Instructions for the task
Every record below is to be restated verbatim, though its images are not.

[Provided information — start]

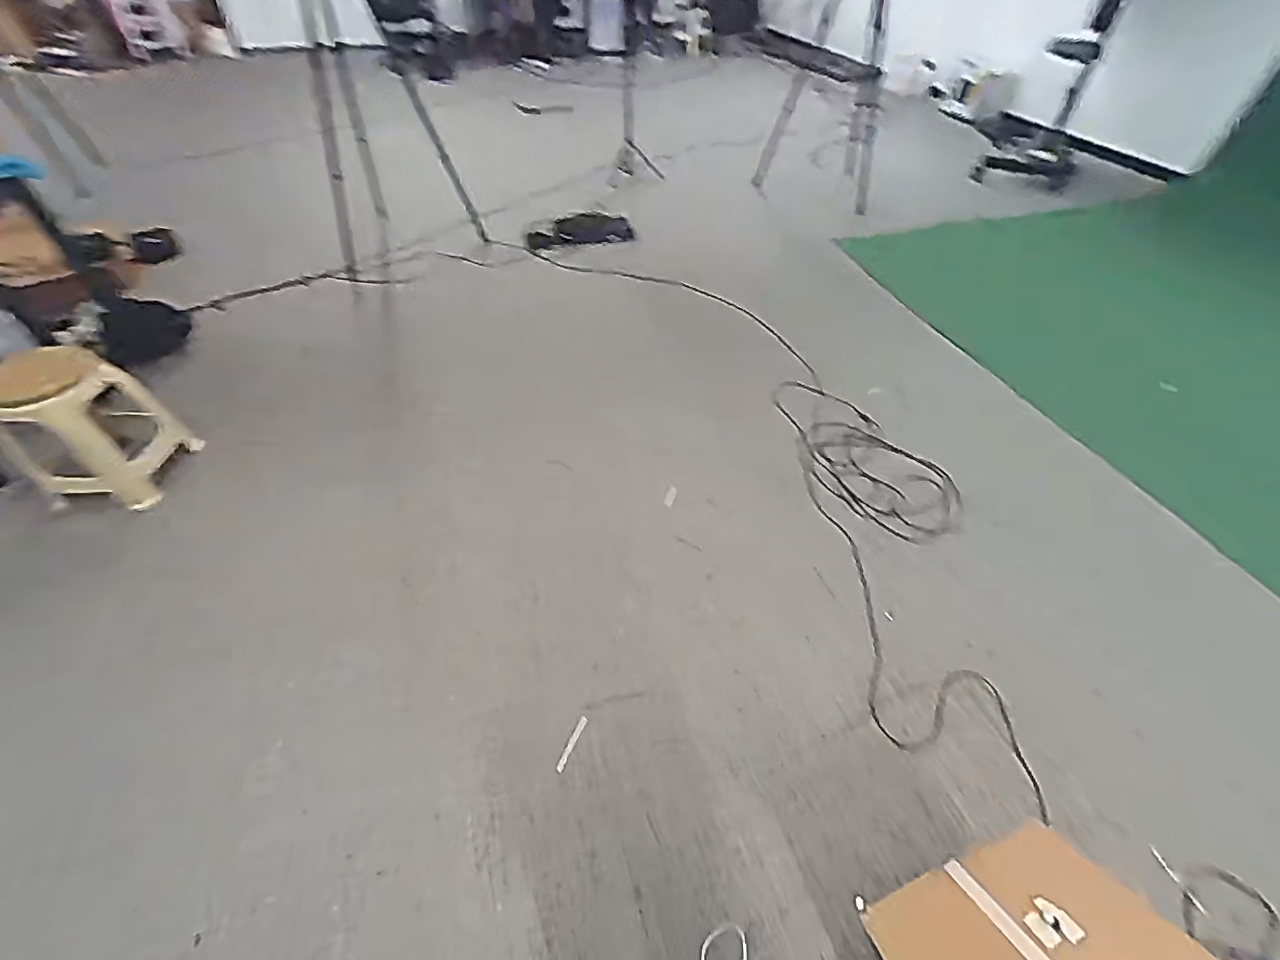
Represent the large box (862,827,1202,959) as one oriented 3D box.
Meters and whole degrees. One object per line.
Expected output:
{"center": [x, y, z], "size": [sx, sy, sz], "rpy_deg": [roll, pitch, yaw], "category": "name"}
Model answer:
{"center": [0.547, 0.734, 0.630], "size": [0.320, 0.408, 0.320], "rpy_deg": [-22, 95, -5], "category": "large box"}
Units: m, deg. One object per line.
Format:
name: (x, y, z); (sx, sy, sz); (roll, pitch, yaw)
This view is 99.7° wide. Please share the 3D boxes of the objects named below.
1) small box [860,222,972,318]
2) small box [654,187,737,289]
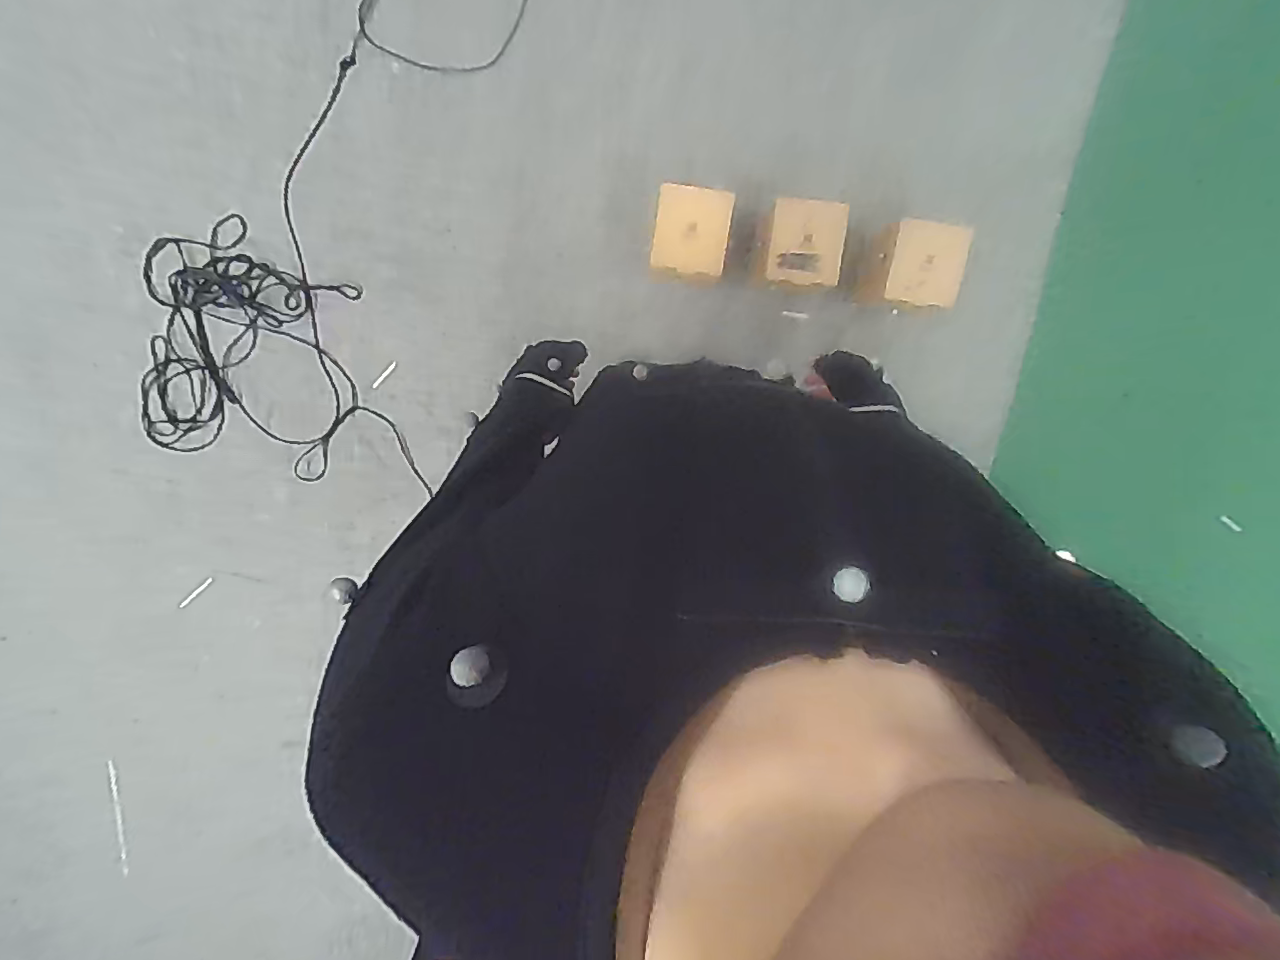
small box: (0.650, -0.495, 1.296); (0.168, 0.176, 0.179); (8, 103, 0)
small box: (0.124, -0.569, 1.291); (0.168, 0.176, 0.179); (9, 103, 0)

[Provided information — finish]

Reply to the task
Represent the large box (862,827,1202,959) as one oriented 3D box.
Meters and whole degrees. One object per line.
Expected output:
{"center": [x, y, z], "size": [sx, sy, sz], "rpy_deg": [roll, pitch, yaw], "category": "name"}
Model answer:
{"center": [0.547, 0.734, 0.630], "size": [0.320, 0.408, 0.320], "rpy_deg": [-22, 95, -5], "category": "large box"}
Units: m, deg. One object per line.
Format:
name: (x, y, z); (sx, sy, sz); (roll, pitch, yaw)
This view is 99.7° wide. Please share the 3D boxes of the objects named below.
1) small box [860,222,972,318]
2) small box [654,187,737,289]
small box: (0.650, -0.495, 1.296); (0.168, 0.176, 0.179); (8, 103, 0)
small box: (0.124, -0.569, 1.291); (0.168, 0.176, 0.179); (9, 103, 0)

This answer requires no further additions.